:: Task objective ::
Look through the data below for the line with "You are a spatial reasoning agent." and the line with "Numbers: x, y, z, sx, sy, sz, roll, pitch, yaw.", then transcribe exactly from the first through the second, leaving out all pictures.

(Stored data)
---+---

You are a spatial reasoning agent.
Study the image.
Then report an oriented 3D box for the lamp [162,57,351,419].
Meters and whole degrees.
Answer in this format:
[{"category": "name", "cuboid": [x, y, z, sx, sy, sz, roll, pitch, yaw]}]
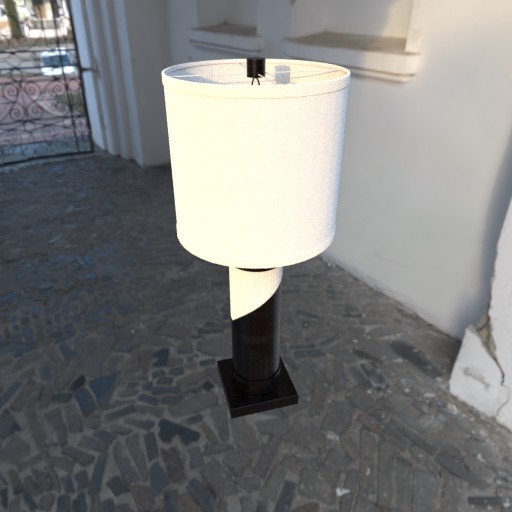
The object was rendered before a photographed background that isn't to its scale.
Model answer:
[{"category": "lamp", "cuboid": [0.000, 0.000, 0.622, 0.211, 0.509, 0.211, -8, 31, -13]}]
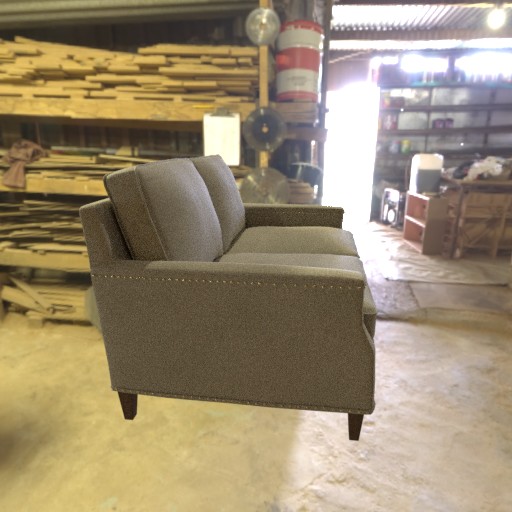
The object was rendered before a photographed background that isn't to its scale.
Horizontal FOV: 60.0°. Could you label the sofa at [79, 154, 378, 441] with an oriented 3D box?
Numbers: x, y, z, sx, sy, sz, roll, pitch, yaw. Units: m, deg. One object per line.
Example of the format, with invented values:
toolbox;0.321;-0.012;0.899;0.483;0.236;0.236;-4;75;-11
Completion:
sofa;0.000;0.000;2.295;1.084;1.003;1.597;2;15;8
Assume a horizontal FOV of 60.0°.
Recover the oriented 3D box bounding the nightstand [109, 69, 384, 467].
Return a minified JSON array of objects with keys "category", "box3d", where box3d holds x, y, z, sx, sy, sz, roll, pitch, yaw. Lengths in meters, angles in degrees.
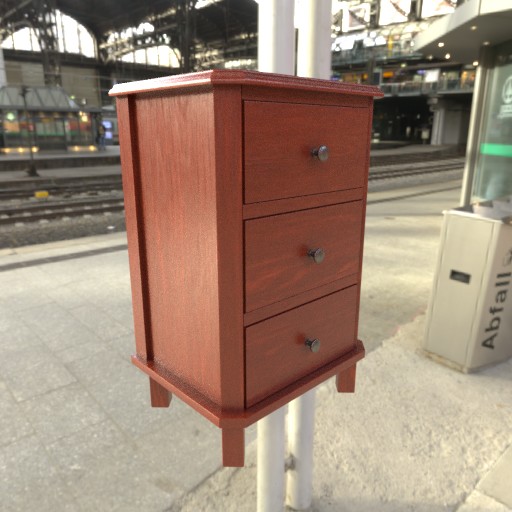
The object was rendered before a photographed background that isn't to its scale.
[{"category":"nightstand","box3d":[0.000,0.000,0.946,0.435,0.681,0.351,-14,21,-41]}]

---+---

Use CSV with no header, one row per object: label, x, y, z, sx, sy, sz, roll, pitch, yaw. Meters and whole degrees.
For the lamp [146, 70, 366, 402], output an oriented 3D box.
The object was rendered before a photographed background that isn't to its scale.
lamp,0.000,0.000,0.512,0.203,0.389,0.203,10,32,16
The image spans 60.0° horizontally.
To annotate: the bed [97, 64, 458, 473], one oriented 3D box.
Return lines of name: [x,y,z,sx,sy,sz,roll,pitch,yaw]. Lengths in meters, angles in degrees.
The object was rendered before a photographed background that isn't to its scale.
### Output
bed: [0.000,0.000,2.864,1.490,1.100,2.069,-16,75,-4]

---+---

:: Response to this exercise ::
You are a spatial reasoning agent.
Study the image.
Then report an oriented 3D box for the lamp [162,57,351,419].
Meters and whole degrees.
Answer in this format:
[{"category": "name", "cuboid": [x, y, z, sx, sy, sz, roll, pitch, yaw]}]
The object was rendered before a photographed background that isn't to its scale.
Model answer:
[{"category": "lamp", "cuboid": [0.000, 0.000, 0.622, 0.211, 0.509, 0.211, -8, 31, -13]}]
The object was rendered before a photographed background that isn't to its scale.
Horizontal FOV: 60.0°. Could you label the sofa at [79, 154, 378, 441] with an oriented 3D box?
Numbers: x, y, z, sx, sy, sz, roll, pitch, yaw. Units: m, deg. One object per line.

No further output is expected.